Matka jest zestresowana i uczuciowa
Absolutna większość matek nie myśli o sobie, że są piękne – takiego przymiotnika użyło tylko 30 proc. ankietowanych, ale większość zauważa, że jest to termin, którego używają twórcy reklam, kiedy opisują i pokazują mamy. Mamy nie czują się też „fit” - w przeciwieństwie do tego, co pokazują reklamy (13 proc. matek vs 32 proc. reklam), za to stresują się i martwią o wiele częściej niż w reklamach (50 proc. kontra 21) i łatwo się wzruszają – 55 proc. vs 37.Wygląd zewnętrzny jest dla matek mniej ważny
Zdaniem Julie Michaelson, dyrektorki ds. globalnej sprzedaży w BabyCenter, wyniki ankiety ukazują, że twórcy reklam przeceniają rolę, jaką matki na wczesnym etapie macierzyństwa przykładają do swojego wyglądu. „To zdecydowanie nie jest odpowiednie podejście w przypadku kobiet na tym etapie życia – szczególnie ciężarnych i młodych matek. Marki mogą zniechęcać potencjalne klientki, pokazując im sphotoshopowaną wersję macierzyństwa” - twierdzi Michaelson.Matki chcą prawdziwego obrazu macierzyństwa
Lukrowany obraz macierzyństwa się nie sprawdza. Jak widać z wyników wspomnianej ankiety, matki wolą zobaczyć prawdziwy przekaz: niech będzie rodzina przy stole, ale niech też będzie rozrzucone na tym stole jedzenie, niech to jedzenie znajdzie się też na podłodze. Nie chodzi o to, by ludzie, których matki chcą oglądać w reklamach byli brzydcy, lecz o to, by pokazywać prawdziwe życie rodzin. Wielu reklamodawców wciąż tego nie rozumie – ze szkodą dla siebie.Mamy przyznają też, że wolą w reklamie produktów przeznaczonych dla nich widzieć zwyczajnych ludzi, inne matki, a nie celebrytów.

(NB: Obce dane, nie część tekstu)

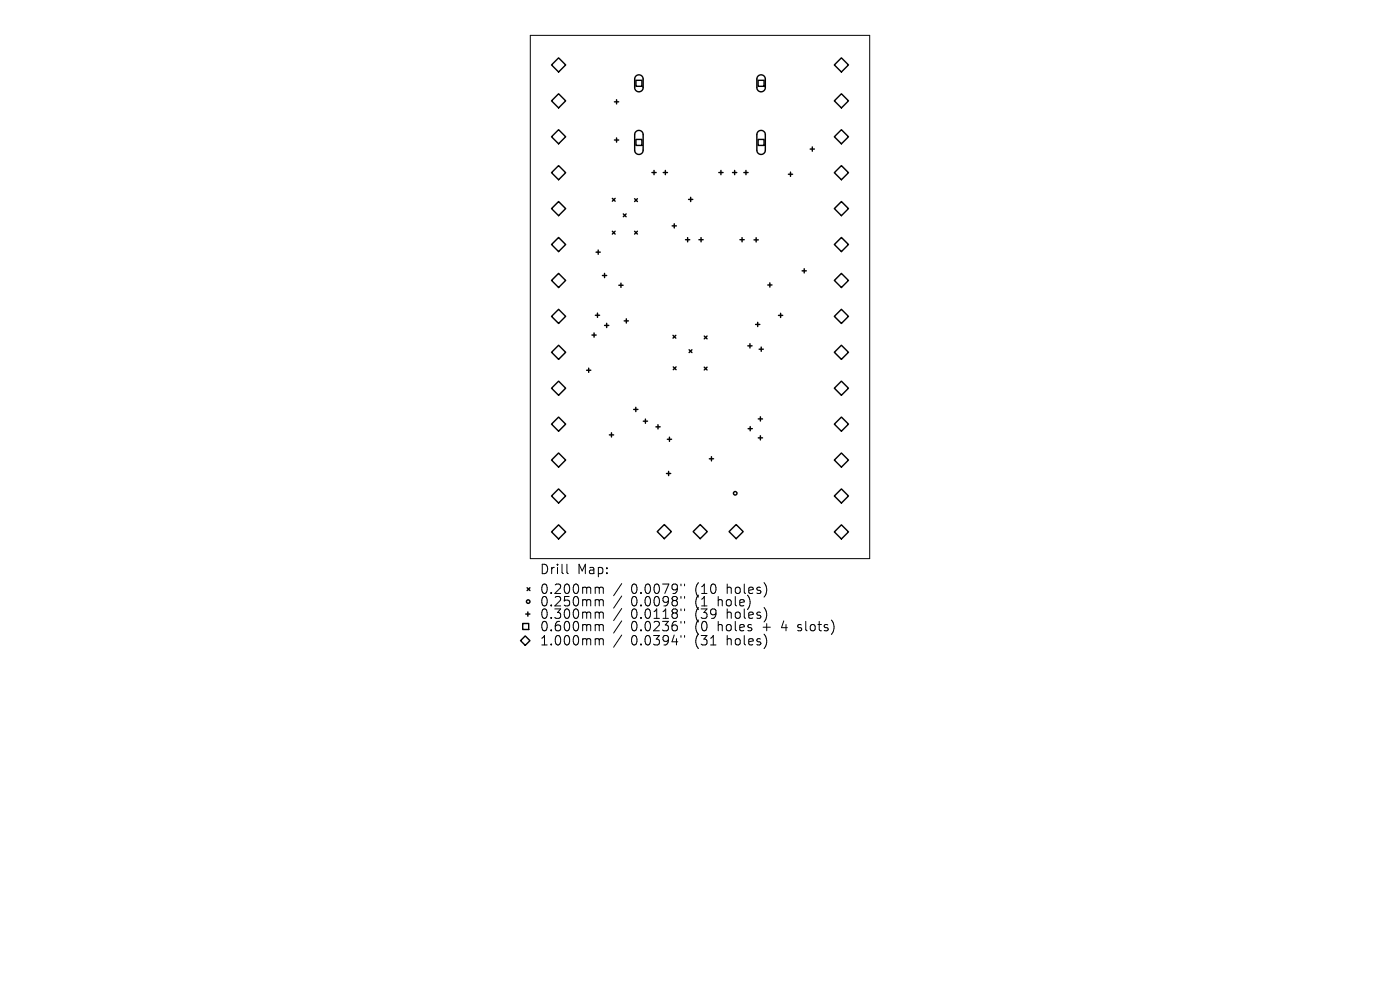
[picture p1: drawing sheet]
<svg xmlns="http://www.w3.org/2000/svg" width="297mm" height="210mm" viewBox="0 0 297 210" stroke-linecap="round" stroke-linejoin="round" font-family="sans-serif">
<defs><g id="words">
<g font-size="2.8">
<text x="114.4" y="122.1">Drill</text>
<text x="122.4" y="122.1">Map:</text>
<text x="114.4" y="126.3">0.200mm</text>
<text x="114.4" y="128.9">0.250mm</text>
<text x="114.4" y="131.6">0.300mm</text>
<text x="133.9" y="126.3">0.0079&quot;</text>
<text x="133.9" y="128.9">0.0098&quot;</text>
<text x="133.9" y="131.6">0.0118&quot;</text>
<text x="147.6" y="126.3">(10</text>
<text x="147.6" y="128.9">(1</text>
<text x="147.6" y="131.6">(39</text>
<text x="152.6" y="128.9">hole)</text>
<text x="154.5" y="126.3">holes)</text>
<text x="154.5" y="131.6">holes)</text>
<text x="114.4" y="134.2">0.600mm</text>
<text x="114.4" y="137.2">1.000mm</text>
<text x="133.9" y="134.2">0.0236&quot;</text>
<text x="133.9" y="137.2">0.0394&quot;</text>
<text x="147.6" y="134.2">(0</text>
<text x="147.6" y="137.2">(31</text>
<text x="152.6" y="134.2">holes</text>
<text x="154.5" y="137.2">holes)</text>
<text x="162.3" y="134.2">+</text>
<text x="166.5" y="134.2">4</text>
<text x="170.1" y="134.2">slots)</text>
</g>
</g></defs>
<g fill="none" stroke="#000" stroke-width=".21">
<path d="M112.5 7.5h72v111h-72zM120.3 119.7v1.7l.3 .3M126.6 124.6l.4 .1 .1 .1M126.6 127.2l.4 .1 .1 .2M126.6 129.8l.4 .1 .1 .2M126.6 132.5h.2l.3 .3M126.6 135.5h.2l.3 .3M127.1 124.8l.3-.2 .5 .1 .1 1.2M127.1 124.8v1.1M127.1 127.5v1M127.1 130.1v1.1M127.1 132.8v1"/>
<path d="M127.1 135.8v1M127.1 127.5l.3-.3 .5 .1 .1 1.2M127.1 130.1l.3-.3 .5 .1 .1 1.3M127.1 132.8l.3-.3 .5 .1 .1 1.2M127.1 135.8l.3-.3 .5 .1 .1 1.2M131.9 123.8l-1.7 2.6M131.9 126.4l-1.7 2.6M131.9 129.1l-1.7 2.5M131.9 131.7l-1.7 2.6M131.9 134.7l-1.7 2.6M144.5 123.9v.4M144.5 126.5v.4"/>
<path d="M144.5 129.2v.4M144.5 131.8v.4M144.5 134.8v.4M145.2 123.9v.4M145.2 126.5v.4M145.2 129.2v.4M145.2 131.8v.4M145.2 134.8v.4M169.2 133.7l.2 .1M169.3 132.6v.5"/>
</g>
<g fill="none" stroke="#000" stroke-width=".3">
<path d="M117 13.8l1.5-1.5 1.5 1.5-1.5 1.5zM134.9 17h1.3v1.3h-1.3zM134.9 16.1a.9 .9 0 0 1 1-.2 .9 .9 0 0 1 .5 .9v1.8a.9 .9 0 0 1-.9 .9 .9 .9 0 0 1-.9-.9v-1.9zM160.8 17h1.3v1.3h-1.3zM160.8 16.1a.9 .9 0 0 1 1-.2 .9 .9 0 0 1 .6 .9v1.8a.9 .9 0 0 1-.9 .9 .9 .9 0 0 1-.9-.9v-1.9zM178.5 12.3l1.5 1.5-1.5 1.5-1.5-1.5zM117 21.4l1.5-1.5 1.5 1.5-1.5 1.5zM117 29l1.5-1.5 1.5 1.5-1.5 1.5zM117 36.6l1.5-1.5 1.5 1.5-1.5 1.5zM130.4 21.6h.9M130.4 29.7h.9M130.8 21.2v.9"/>
<path d="M130.8 29.3v.9M134.9 29.6h1.3v1.2h-1.3zM134.9 27.9a.9 .9 0 0 1 1-.2 .9 .9 0 0 1 .5 .9v3.3a.9 .9 0 0 1-.9 .9 .9 .9 0 0 1-.9-.9v-3.4zM138.3 36.6h.9M138.8 36.2v.9M140.7 36.6h.9M141.2 36.2v.9M152.5 36.6h.9M152.9 36.2v.9M155.4 36.6h.9M155.9 36.2v.9M157.8 36.6h.9"/>
<path d="M158.3 36.2v.9M160.8 29.6h1.3v1.2h-1.3zM160.8 27.9a.9 .9 0 0 1 1-.2 .9 .9 0 0 1 .6 .9v3.3a.9 .9 0 0 1-.9 .9 .9 .9 0 0 1-.9-.9v-3.4zM167.3 37h.9M167.7 36.5v.9M171.9 31.6h.9M172.3 31.2v.9M177 21.4l1.5-1.5 1.5 1.5-1.5 1.5zM178.5 27.5l1.5 1.5-1.5 1.5-1.5-1.5zM178.5 35.1l1.5 1.5-1.5 1.5-1.5-1.5zM117 44.3l1.5-1.5 1.5 1.5-1.5 1.5zM117 51.9l1.5-1.5 1.5 1.5-1.5 1.5z"/>
<path d="M117 59.5l1.5-1.5 1.5 1.5-1.5 1.5zM126.5 53.5h.9M126.9 53v.9M127.8 58.4h.9M128.3 58v.9M129.9 42.1l.6 .6M129.9 49.1l.6 .6M130.5 42.1l-.6 .6M130.5 49.1l-.6 .6M132.2 45.4l.6 .6M132.8 45.4l-.6 .6M134.6 42.2l.6 .6"/>
<path d="M134.6 49.1l.6 .6M135.2 42.2l-.6 .6M135.2 49.1l-.6 .6M142.6 47.9h.9M143 47.5v.9M145.4 50.9h.9M145.9 50.4v.9M146.1 42.3h.9M146.5 41.9v.9M148.3 50.9h.9M148.7 50.4v.9M157 50.9h.9"/>
<path d="M157.4 50.4v.9M160 50.9h.9M160.4 50.4v.9M170.2 57.5h.9M170.6 57v.9M177 44.3l1.5-1.5 1.5 1.5-1.5 1.5zM178.5 50.4l1.5 1.5-1.5 1.5-1.5-1.5zM178.5 58l1.5 1.5-1.5 1.5-1.5-1.5zM117 67.1l1.5-1.5 1.5 1.5-1.5 1.5zM117 74.7l1.5-1.5 1.5 1.5-1.5 1.5zM124.4 78.5h.9M124.9 78.1v.9"/>
<path d="M125.6 71.1h.9M126 70.6v.9M126.3 66.9h.9M126.8 66.4v.9M128.3 69h.9M128.7 68.6v.9M131.3 60.5h.9M131.7 60.1v.9M132.4 68.1h.9M132.9 67.6v.9M142.8 71.1l.6 .6M142.8 77.8l.6 .6"/>
<path d="M143.4 71.1l-.6 .6M143.4 77.8l-.6 .6M146.2 74.2l.6 .6M146.8 74.2l-.6 .6M149.4 71.3l.6 .6M149.4 77.9l.6 .6M150 71.3l-.6 .6M150 77.9l-.6 .6M158.6 73.4h.9M159.1 72.9v.9M160.3 68.8h.9M160.7 68.4v.9"/>
<path d="M161 74.1h.9M161.5 73.6v.9M162.9 60.5h.9M163.3 60v.9M165.2 66.9h.9M165.6 66.5v.9M178.5 65.6l1.5 1.5-1.5 1.5-1.5-1.5zM178.5 73.2l1.5 1.5-1.5 1.5-1.5-1.5zM117 82.4l1.5-1.5 1.5 1.5-1.5 1.5zM117 90l1.5-1.5 1.5 1.5-1.5 1.5zM117 97.6l1.5-1.5 1.5 1.5-1.5 1.5zM129.3 92.3h.9"/>
<path d="M129.7 91.8v.9M134.4 86.9h.9M134.9 86.4v.9M136.5 89.3h.9M136.9 88.9v.9M139.1 90.5h.9M139.6 90.1v.9M141.6 93.2h.9M141.8 100v.9M142 92.7v.9M150.5 97.3h.9M150.9 96.9v.9"/>
<path d="M158.7 90.9h.9M159.2 90.5v.9M160.9 88.9h.9M160.9 92.9h.9M161.3 88.4v.9M161.3 92.4v.9M177 82.4l1.5-1.5 1.5 1.5-1.5 1.5zM177 90l1.5-1.5 1.5 1.5-1.5 1.5zM177 97.6l1.5-1.5 1.5 1.5-1.5 1.5zM117 105.2l1.5-1.5 1.5 1.5-1.5 1.5zM117 112.8l1.5-1.5 1.5 1.5-1.5 1.5zM140.9 111.3l1.5 1.5-1.5 1.5-1.5-1.5z"/>
<path d="M141.4 100.4h.9M148.5 111.3l1.5 1.5-1.5 1.5-1.5-1.5zM156.2 111.3l1.5 1.5-1.5 1.5-1.5-1.5zM177 105.2l1.5-1.5 1.5 1.5-1.5 1.5zM177 112.8l1.5-1.5 1.5 1.5-1.5 1.5zM110.9 132.3h1.3v1.2h-1.3zM111.4 134.9l1 1-1 1-1-1zM111.5 130.3h.9M111.8 124.7l.6 .6M112 129.8v.9M112.4 124.7l-.6 .6"/>
<circle cx="156" cy="104.6" r=".37"/>
<circle cx="112.1" cy="127.6" r=".37"/>
</g>
<use href="#words"/>
</svg>

Przykładem odrealnienia twórców reklam jest Brazylia – ciężarne kobiety i młode matki z tego kraju w większości opisywały w badaniu, że są zestresowane i bardzo martwią się wirusem Zika. Jest to częsty temat ich rozmów. Jednocześnie reklamodawcy nadal sprzedają im obrazy sielankowego życia rodzinnego, które mają niewiele wspólnego z tym, jak one postrzegają swoją rzeczywistość w tym momencie. Dlatego też odwracają się od producentów, którzy tego nie rozumieją.
Idealna mama kontra rzeczywistość
Mamy czują presję bycia idealnymi, a obraz macierzyństwa z reklam tylko tę presję wzmacnia. Pytane o to, jak widzą matkę idealną, 29 proc. z nich mówi, że perfekcyjna mama jest piękna i seksowna, a 62 proc., że jest fit i aktywna fizycznie. Tymczasem tylko 4 proc. badanych matek określa siebie jako seksowne i piękne, a 29 proc. jako „fitmamy”.W reklamie jedzenia brakuje dziecka, które się obraża na widok stawianego przed nim talerza i sfochowane mówi, że nie będzie tego jadło. Nie ma niemowlęcia, które płacze i krzyczy, bo chce już dostać mleko. Jest kojąca muzyka, przefiltrowane światło i wszechogarniająca miłość i spokój. Nie ma matki w dresie, w spiętych niedbale włosach, która przysypia nad łóżeczkiem. To niedobrze, ale nie tylko dla reklamodawców. Przede wszystkim niedobre jest to dla samych matek – tych obecnych i tych przyszłych. Te pierwsze czują się gorsze, te drugie czeka przykra niespodzianka po porodzie – macierzyństwo to dużo więcej niż Photoshop i wystudiowane uśmiechy.